Brief: Filter the entries below, keeping every line that has the word "with".

Start of Data to process

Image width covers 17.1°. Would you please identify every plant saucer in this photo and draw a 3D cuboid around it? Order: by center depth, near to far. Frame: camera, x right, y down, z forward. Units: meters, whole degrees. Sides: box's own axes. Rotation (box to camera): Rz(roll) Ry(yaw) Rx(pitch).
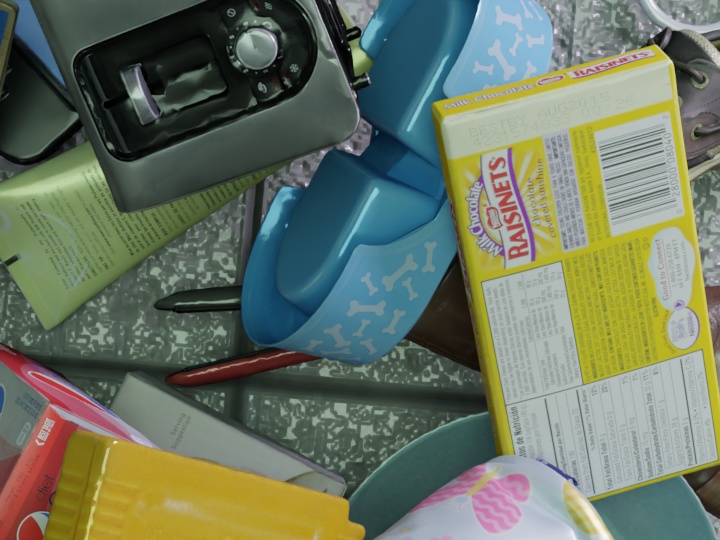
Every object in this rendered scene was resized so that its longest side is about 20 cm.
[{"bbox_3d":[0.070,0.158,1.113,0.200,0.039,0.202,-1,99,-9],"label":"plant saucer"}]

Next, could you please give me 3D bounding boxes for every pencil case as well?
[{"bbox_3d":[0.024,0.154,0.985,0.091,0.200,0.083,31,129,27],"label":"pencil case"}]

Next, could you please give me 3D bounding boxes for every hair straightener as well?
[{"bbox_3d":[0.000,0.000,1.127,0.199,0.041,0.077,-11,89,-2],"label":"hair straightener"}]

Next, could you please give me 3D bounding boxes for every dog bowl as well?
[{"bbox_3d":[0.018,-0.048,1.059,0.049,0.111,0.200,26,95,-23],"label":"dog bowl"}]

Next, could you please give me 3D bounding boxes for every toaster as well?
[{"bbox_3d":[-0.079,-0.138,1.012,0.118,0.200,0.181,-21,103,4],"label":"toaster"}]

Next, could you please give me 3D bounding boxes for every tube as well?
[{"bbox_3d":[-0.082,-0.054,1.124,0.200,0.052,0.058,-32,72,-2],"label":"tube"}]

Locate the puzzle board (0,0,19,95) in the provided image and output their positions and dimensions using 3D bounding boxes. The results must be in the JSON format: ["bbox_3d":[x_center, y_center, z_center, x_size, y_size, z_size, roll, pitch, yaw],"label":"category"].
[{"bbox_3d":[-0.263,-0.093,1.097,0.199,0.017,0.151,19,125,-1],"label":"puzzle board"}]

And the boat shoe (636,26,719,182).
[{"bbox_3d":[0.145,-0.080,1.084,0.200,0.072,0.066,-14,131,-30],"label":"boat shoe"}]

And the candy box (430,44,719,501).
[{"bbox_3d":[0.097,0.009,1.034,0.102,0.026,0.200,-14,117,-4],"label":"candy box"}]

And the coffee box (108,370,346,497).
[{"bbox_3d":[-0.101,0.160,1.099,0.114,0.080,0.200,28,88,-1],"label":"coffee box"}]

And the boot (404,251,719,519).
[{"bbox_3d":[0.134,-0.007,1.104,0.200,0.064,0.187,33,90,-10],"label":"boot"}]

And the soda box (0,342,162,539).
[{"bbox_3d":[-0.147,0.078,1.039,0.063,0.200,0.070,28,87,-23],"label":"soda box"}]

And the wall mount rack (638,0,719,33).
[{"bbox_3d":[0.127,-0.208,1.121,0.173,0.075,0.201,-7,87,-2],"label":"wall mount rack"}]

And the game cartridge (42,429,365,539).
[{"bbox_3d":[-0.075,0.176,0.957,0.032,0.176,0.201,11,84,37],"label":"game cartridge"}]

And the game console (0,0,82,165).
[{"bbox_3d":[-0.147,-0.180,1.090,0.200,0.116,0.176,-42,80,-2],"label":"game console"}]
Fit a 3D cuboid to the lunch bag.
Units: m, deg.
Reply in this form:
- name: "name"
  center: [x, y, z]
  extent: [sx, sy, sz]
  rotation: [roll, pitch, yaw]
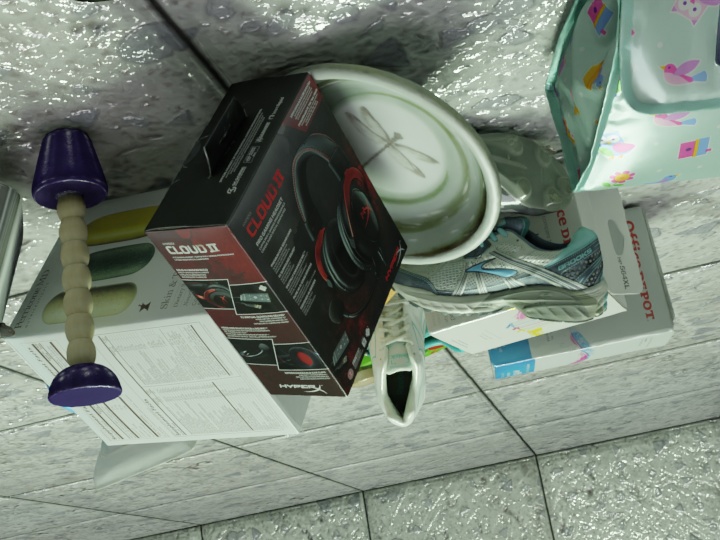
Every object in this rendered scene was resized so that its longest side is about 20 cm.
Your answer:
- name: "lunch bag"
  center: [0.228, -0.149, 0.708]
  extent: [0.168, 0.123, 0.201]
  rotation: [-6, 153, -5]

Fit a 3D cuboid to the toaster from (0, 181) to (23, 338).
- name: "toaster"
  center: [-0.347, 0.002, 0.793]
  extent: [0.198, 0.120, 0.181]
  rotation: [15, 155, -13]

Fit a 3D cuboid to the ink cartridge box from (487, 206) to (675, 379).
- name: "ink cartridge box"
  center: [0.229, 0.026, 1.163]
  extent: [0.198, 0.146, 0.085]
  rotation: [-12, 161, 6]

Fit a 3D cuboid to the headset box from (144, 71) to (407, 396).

End of Data to process
Start of Data to process

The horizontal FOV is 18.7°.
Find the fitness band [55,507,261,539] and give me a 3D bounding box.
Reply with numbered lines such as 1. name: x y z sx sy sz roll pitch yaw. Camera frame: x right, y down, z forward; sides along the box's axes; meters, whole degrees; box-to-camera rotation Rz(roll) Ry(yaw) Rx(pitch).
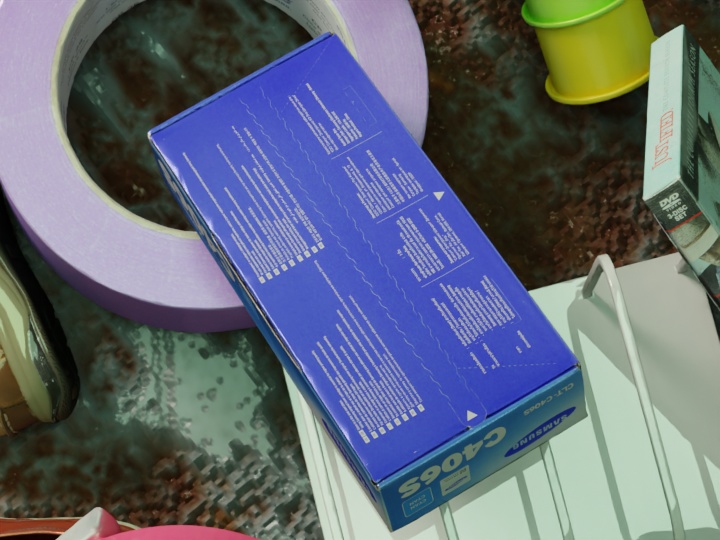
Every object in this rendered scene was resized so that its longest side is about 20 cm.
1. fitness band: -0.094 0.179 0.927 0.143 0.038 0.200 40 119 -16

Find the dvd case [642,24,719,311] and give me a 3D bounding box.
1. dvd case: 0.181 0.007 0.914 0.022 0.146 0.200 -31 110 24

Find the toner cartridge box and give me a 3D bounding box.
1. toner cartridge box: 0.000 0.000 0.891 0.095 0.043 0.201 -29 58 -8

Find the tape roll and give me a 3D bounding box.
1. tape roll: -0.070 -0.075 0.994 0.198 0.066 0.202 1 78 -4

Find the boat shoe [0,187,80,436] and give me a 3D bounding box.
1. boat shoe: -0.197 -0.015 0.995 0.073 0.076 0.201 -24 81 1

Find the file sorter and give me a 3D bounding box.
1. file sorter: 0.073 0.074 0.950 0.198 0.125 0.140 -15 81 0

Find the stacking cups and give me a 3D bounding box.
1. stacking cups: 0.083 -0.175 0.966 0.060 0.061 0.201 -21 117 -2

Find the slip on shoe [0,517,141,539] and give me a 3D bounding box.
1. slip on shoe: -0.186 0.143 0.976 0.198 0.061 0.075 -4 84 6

End of Data to process
Start of Data to process

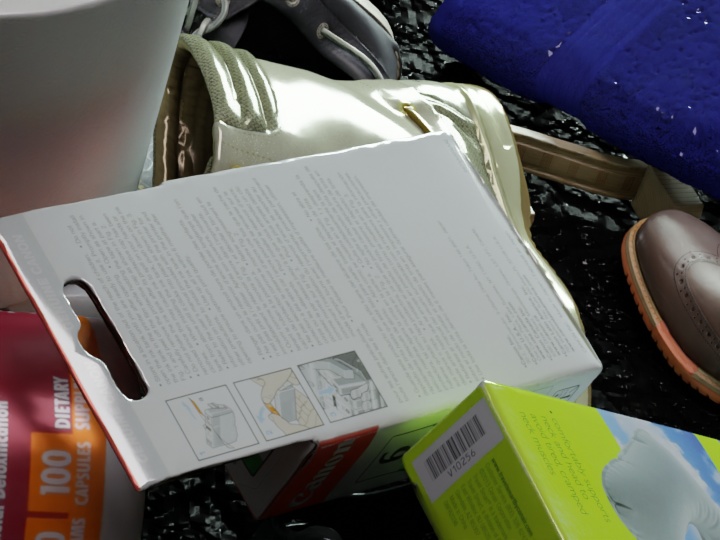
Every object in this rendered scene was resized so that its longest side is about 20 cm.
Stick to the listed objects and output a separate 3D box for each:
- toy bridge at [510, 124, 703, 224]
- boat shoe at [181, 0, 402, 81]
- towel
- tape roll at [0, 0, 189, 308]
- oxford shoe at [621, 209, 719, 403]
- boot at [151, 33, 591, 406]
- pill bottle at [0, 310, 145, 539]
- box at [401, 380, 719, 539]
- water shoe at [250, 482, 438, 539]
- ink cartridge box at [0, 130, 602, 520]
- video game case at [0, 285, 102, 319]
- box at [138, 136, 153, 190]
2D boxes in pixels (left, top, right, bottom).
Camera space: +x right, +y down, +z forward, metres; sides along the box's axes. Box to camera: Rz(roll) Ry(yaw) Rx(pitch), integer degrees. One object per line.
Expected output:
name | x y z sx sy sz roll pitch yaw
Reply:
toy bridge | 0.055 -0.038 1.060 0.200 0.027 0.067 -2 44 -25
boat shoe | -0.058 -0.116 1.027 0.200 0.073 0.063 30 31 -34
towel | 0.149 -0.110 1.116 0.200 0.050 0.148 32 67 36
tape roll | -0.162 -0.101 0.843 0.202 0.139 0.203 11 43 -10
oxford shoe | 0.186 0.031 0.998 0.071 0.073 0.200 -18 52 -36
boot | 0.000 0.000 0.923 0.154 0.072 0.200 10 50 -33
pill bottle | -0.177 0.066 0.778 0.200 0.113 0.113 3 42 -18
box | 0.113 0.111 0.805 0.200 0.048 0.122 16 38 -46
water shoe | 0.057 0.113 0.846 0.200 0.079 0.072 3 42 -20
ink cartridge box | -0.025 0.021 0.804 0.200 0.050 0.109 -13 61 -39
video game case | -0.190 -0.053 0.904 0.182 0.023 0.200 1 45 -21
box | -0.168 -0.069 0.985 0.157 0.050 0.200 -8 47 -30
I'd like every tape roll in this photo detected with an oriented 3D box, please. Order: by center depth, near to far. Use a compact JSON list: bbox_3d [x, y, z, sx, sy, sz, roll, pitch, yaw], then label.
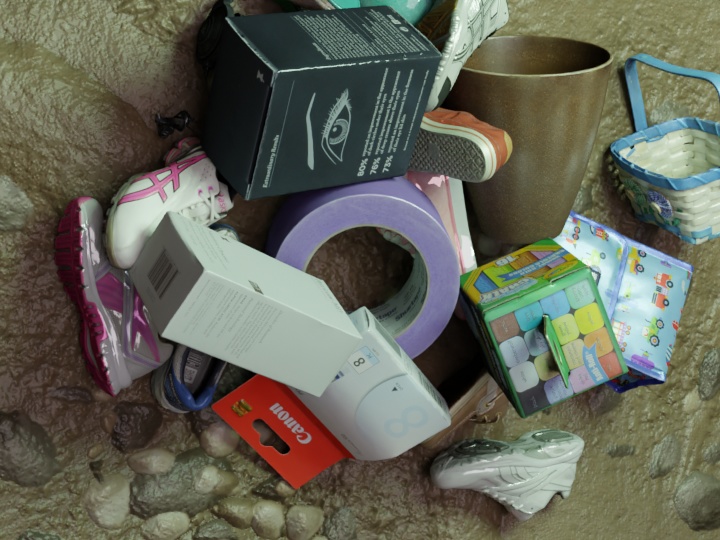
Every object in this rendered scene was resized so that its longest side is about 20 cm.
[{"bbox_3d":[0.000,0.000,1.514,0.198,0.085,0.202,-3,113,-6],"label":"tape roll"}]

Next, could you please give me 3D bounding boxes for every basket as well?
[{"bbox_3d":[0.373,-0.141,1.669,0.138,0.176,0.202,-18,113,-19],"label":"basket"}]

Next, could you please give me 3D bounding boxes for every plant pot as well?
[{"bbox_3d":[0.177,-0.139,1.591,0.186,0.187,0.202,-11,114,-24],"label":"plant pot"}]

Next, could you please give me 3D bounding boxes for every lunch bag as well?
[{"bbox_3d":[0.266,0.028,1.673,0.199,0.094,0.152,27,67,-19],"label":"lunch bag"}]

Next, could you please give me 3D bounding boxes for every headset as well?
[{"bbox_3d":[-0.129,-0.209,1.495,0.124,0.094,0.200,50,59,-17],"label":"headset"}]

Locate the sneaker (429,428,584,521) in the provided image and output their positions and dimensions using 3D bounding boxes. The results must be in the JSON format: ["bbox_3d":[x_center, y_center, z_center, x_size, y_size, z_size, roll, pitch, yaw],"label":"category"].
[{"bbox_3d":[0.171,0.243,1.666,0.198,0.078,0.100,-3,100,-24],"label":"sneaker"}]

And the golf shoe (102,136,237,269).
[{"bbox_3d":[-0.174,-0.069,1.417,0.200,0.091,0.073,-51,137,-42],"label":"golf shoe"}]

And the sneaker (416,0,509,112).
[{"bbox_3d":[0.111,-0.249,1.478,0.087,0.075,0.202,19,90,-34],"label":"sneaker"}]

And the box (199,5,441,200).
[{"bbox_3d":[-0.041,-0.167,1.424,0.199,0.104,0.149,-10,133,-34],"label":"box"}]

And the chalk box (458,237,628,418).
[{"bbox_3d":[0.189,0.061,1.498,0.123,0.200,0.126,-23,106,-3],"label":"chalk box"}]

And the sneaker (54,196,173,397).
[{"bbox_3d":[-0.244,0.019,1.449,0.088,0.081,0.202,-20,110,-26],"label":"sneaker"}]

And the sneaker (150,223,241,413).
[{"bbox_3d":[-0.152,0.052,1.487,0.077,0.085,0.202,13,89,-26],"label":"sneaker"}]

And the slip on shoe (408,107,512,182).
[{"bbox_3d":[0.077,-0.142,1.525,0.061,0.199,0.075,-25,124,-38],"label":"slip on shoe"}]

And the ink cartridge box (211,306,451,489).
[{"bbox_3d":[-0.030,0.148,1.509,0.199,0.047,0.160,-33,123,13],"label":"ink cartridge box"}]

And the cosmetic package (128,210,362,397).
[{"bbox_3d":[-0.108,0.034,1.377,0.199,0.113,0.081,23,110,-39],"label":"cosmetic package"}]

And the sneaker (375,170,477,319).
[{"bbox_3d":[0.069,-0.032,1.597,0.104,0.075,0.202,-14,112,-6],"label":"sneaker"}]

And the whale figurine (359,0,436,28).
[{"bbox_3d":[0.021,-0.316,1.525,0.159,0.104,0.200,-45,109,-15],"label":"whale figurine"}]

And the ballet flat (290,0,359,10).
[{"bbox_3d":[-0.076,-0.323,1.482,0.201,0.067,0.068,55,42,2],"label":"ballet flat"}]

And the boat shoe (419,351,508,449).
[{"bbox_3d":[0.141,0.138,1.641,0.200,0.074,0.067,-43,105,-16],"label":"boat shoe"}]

End of Data to process

Final answer:
Reply with numbered lines such as 1. name: x y z sx sy sz roll pitch yaw. Camera frame: x right, y down, z forward; sides along the box's axes; meters, whole degrees; box-to-camera rotation Rz(roll) Ry(yaw) Rx(pitch).
I'd like every tape roll in this photo detected with an oriented 3D box, please. Order: by center depth, near to far. Use a compact JSON list: bbox_3d [x, y, z, sx, sy, sz, roll, pitch, yaw], then label.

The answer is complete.